Copy out each line of the listing below that contains the word "monstars".

*Dataset excerpts*.
◇ ◇ ◇ ◇ ◇
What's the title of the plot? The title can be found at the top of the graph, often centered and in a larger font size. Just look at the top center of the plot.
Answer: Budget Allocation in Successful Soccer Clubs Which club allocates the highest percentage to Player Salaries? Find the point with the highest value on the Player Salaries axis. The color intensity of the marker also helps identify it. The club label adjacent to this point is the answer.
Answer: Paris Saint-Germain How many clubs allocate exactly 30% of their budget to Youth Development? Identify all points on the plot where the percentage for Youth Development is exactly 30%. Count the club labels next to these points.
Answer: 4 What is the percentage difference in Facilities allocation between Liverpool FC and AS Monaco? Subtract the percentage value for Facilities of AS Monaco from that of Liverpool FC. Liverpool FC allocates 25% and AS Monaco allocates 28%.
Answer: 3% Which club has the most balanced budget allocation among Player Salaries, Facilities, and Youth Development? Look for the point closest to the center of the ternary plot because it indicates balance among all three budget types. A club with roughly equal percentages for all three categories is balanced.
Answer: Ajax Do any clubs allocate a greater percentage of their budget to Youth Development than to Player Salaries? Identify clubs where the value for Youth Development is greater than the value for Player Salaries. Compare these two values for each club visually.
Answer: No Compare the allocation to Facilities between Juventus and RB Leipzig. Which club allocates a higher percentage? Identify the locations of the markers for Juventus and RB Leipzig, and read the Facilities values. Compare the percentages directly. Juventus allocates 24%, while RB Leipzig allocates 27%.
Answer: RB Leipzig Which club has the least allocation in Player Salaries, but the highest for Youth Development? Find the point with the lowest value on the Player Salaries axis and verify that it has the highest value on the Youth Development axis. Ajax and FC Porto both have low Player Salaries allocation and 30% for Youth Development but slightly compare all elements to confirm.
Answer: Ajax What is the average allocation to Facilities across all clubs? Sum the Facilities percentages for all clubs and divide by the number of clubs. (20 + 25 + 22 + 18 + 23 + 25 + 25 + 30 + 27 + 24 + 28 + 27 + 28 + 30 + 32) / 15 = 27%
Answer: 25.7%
◇ ◇ ◇ ◇ ◇
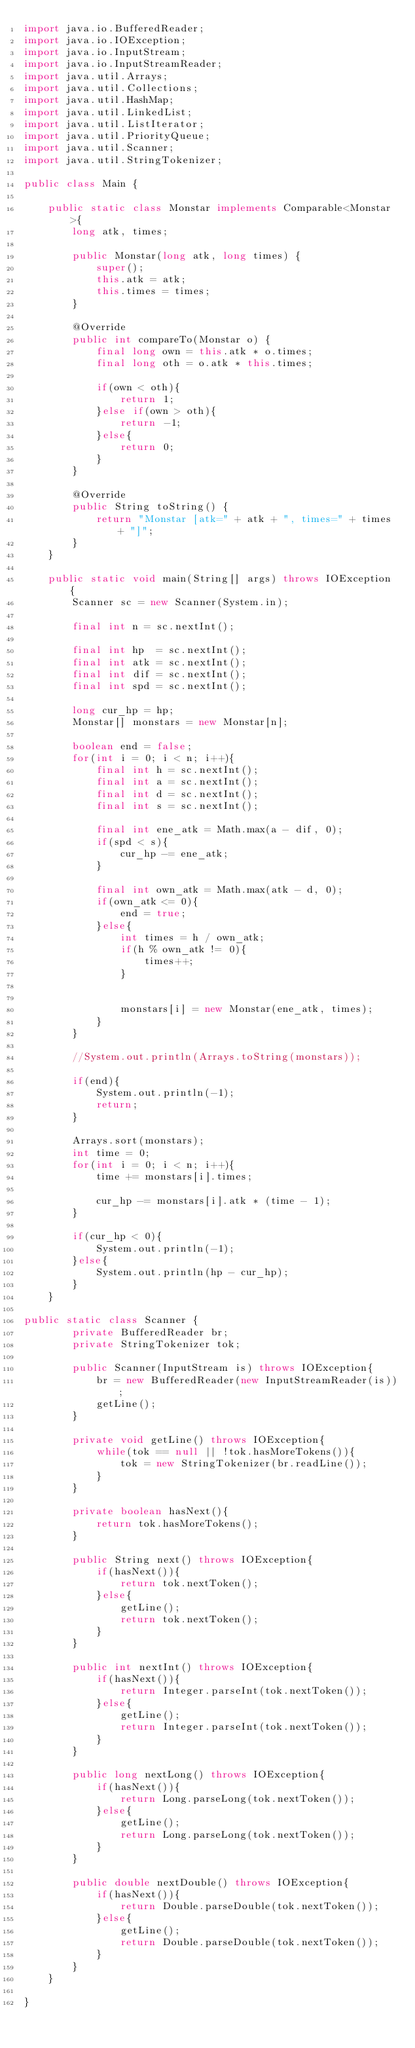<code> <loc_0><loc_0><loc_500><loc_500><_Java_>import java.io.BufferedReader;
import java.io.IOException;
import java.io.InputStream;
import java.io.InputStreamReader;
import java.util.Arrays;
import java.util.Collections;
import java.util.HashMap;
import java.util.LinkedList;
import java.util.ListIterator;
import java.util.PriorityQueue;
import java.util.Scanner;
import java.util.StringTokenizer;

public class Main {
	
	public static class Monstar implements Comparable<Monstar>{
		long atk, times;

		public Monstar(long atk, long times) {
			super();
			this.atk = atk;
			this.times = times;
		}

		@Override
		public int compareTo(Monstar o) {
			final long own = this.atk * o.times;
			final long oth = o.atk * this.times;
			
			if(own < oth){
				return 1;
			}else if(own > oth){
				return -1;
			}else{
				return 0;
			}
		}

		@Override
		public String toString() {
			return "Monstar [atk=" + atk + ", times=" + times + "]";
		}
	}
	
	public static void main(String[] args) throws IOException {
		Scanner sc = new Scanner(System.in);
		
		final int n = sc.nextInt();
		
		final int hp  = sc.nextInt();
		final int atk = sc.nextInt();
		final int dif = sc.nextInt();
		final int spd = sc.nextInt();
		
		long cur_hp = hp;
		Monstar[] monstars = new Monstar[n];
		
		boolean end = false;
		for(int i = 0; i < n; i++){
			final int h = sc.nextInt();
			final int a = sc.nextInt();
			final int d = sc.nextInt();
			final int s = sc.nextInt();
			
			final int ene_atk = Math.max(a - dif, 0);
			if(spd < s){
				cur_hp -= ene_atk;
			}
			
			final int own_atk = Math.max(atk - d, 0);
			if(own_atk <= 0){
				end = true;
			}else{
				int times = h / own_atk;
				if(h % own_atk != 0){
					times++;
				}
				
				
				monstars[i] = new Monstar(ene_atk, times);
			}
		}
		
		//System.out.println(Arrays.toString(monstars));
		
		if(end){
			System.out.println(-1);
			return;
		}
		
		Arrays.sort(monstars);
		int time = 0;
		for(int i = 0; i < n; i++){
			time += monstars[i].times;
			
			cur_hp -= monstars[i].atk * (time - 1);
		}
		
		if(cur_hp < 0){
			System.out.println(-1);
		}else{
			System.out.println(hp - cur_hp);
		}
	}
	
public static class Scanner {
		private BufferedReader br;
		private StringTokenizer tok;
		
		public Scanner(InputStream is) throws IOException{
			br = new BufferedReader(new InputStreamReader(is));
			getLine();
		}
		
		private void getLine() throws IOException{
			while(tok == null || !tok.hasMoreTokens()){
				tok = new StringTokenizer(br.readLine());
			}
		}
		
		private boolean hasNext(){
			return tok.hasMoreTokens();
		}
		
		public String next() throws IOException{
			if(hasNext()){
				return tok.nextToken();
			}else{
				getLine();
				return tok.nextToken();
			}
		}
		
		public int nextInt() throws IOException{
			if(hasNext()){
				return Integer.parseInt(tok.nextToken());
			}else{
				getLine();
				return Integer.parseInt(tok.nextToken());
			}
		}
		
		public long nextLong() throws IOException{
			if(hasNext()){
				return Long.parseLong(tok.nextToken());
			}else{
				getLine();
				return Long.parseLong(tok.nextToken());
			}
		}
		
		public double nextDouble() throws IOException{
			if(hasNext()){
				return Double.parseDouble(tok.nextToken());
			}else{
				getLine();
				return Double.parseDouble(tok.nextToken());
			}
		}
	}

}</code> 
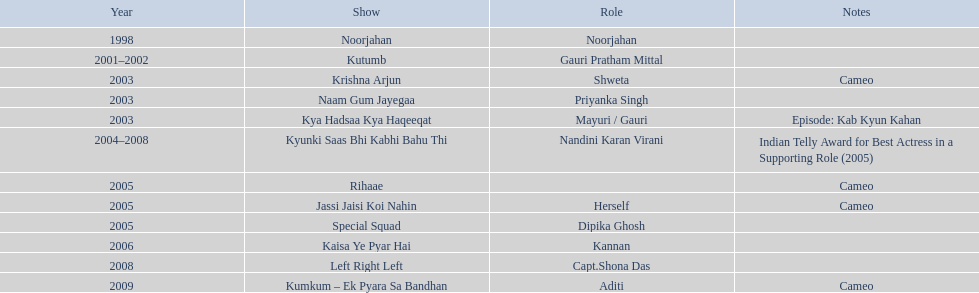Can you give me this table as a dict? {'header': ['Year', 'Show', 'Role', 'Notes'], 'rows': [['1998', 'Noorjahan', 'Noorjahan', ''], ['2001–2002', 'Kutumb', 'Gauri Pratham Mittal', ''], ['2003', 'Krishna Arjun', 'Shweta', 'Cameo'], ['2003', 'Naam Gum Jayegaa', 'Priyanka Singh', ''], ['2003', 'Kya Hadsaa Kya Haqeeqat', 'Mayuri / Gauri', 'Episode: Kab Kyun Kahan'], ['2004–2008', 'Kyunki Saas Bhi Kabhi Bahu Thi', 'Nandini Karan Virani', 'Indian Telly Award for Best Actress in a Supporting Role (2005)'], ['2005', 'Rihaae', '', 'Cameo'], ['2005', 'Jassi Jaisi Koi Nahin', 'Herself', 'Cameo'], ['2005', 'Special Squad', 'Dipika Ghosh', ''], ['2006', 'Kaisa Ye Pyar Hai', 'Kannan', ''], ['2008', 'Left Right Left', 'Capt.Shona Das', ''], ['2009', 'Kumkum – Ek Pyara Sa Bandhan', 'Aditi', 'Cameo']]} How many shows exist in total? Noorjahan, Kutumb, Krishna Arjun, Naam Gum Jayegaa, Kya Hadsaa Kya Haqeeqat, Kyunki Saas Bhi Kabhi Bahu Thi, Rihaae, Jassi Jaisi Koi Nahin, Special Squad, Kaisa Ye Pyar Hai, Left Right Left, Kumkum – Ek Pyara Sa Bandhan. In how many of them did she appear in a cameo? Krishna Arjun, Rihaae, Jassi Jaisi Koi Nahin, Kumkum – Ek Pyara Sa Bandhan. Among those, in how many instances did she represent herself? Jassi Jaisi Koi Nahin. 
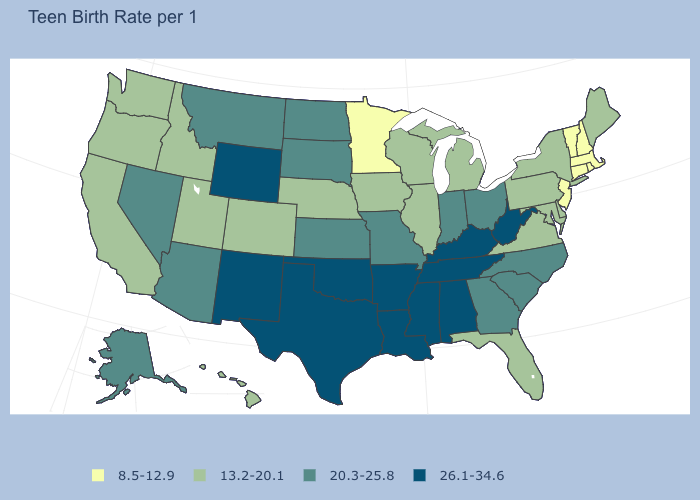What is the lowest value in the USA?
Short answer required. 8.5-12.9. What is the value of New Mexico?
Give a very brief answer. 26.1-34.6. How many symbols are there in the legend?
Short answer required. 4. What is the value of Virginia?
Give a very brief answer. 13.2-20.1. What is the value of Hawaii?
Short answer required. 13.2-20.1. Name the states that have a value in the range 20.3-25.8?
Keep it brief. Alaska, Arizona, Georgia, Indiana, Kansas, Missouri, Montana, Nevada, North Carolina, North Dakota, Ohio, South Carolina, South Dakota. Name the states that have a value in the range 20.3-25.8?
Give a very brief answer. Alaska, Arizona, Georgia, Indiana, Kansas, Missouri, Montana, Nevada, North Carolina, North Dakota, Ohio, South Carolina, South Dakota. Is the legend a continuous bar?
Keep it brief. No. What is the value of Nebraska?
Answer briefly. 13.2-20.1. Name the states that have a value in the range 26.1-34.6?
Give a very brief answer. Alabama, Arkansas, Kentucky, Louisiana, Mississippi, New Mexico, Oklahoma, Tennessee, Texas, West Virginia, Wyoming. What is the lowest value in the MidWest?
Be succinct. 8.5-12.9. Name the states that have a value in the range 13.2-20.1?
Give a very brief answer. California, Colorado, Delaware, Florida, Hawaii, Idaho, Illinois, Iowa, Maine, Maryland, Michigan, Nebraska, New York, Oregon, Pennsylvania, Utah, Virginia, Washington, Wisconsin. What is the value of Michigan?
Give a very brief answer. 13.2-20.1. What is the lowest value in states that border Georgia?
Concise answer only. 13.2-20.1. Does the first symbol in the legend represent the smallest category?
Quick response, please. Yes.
◇ ◇ ◇ ◇ ◇
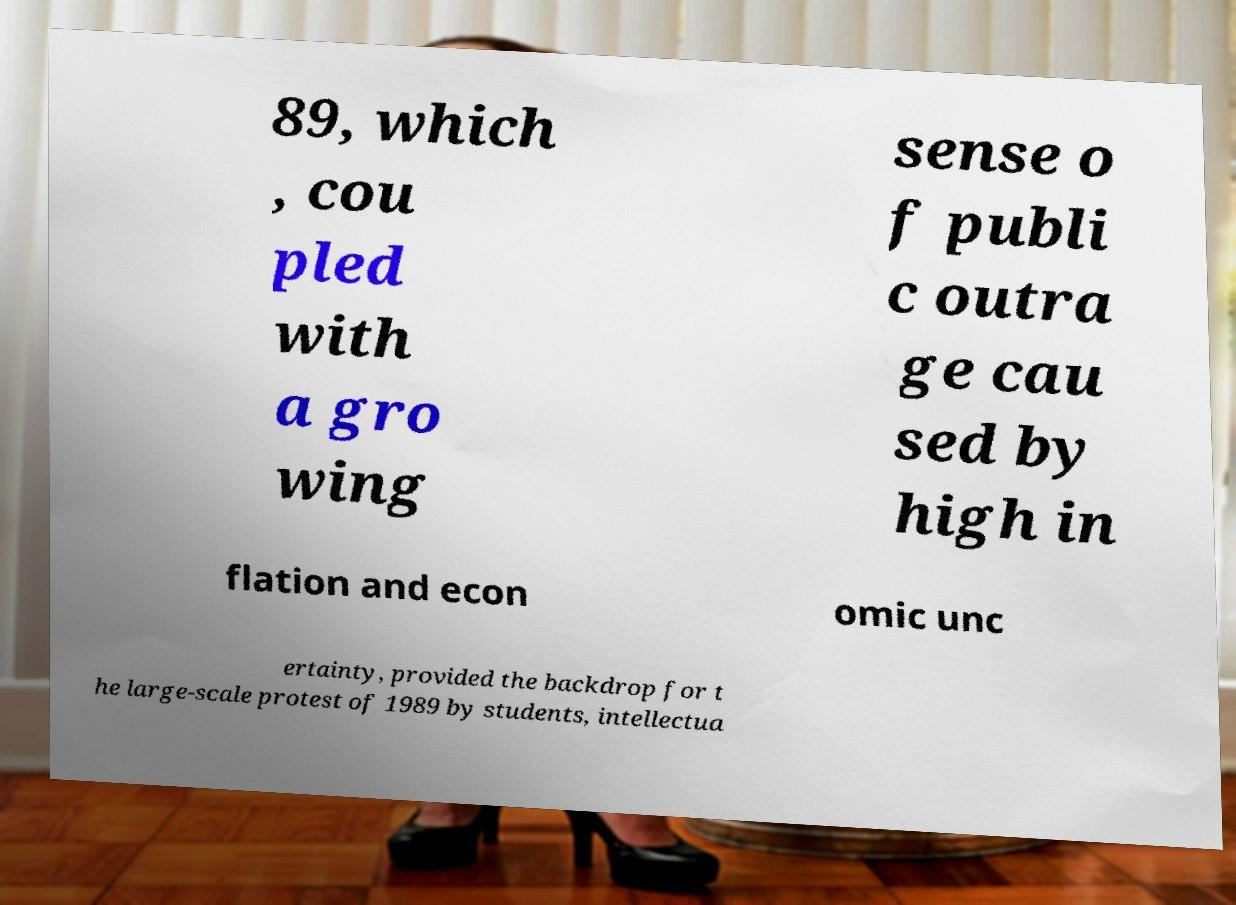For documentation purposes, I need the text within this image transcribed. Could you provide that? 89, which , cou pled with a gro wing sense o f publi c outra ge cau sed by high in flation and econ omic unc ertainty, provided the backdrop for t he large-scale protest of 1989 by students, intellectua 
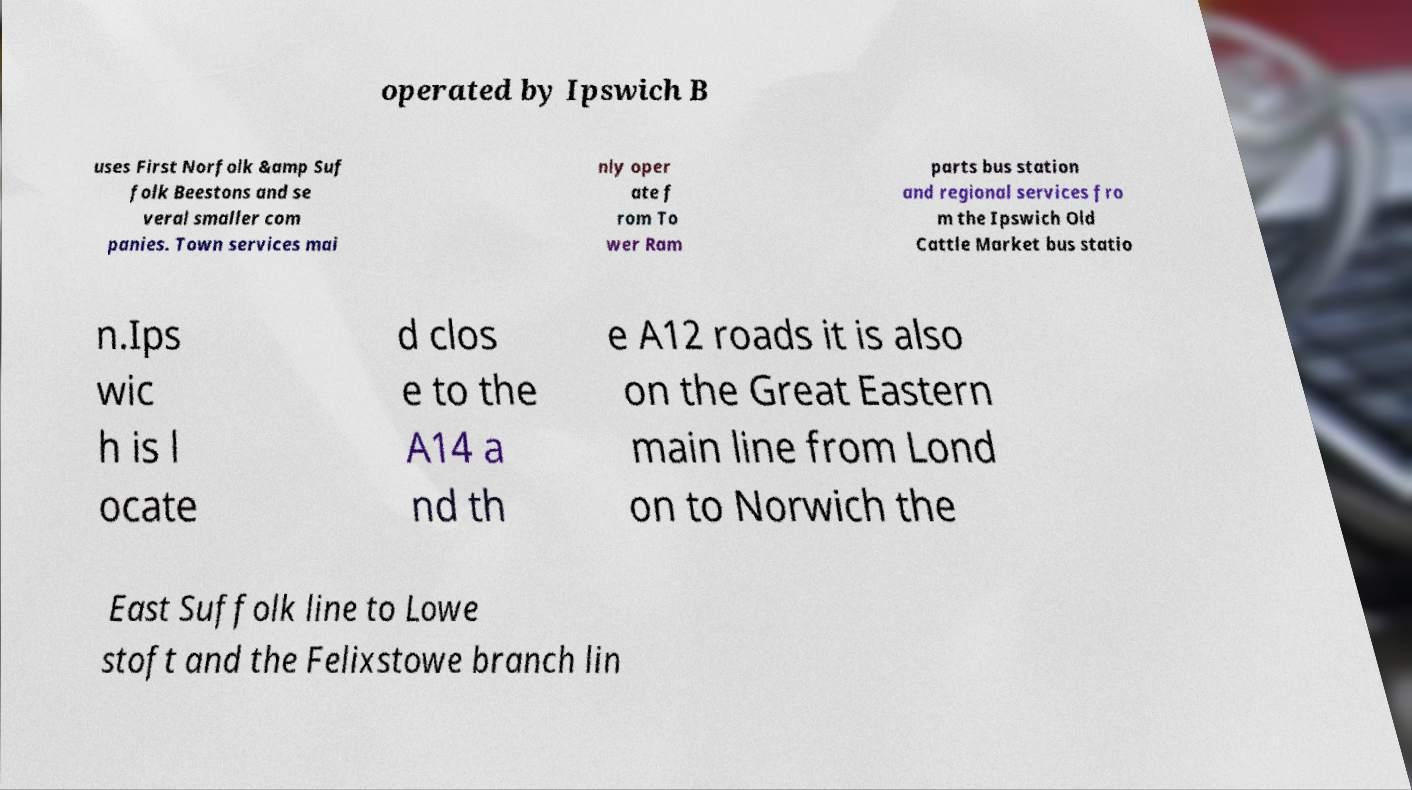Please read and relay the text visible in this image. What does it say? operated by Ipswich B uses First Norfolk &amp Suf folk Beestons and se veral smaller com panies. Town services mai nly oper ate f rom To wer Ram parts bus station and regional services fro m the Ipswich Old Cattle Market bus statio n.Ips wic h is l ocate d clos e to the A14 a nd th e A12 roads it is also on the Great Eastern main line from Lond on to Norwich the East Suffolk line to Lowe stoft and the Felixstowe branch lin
◇ ◇ ◇ ◇ ◇
*Response*.
		Monstar[] monstars = new Monstar[n];
				monstars[i] = new Monstar(ene_atk, times);
		//System.out.println(Arrays.toString(monstars));
		Arrays.sort(monstars);
			time += monstars[i].times;
			cur_hp -= monstars[i].atk * (time - 1);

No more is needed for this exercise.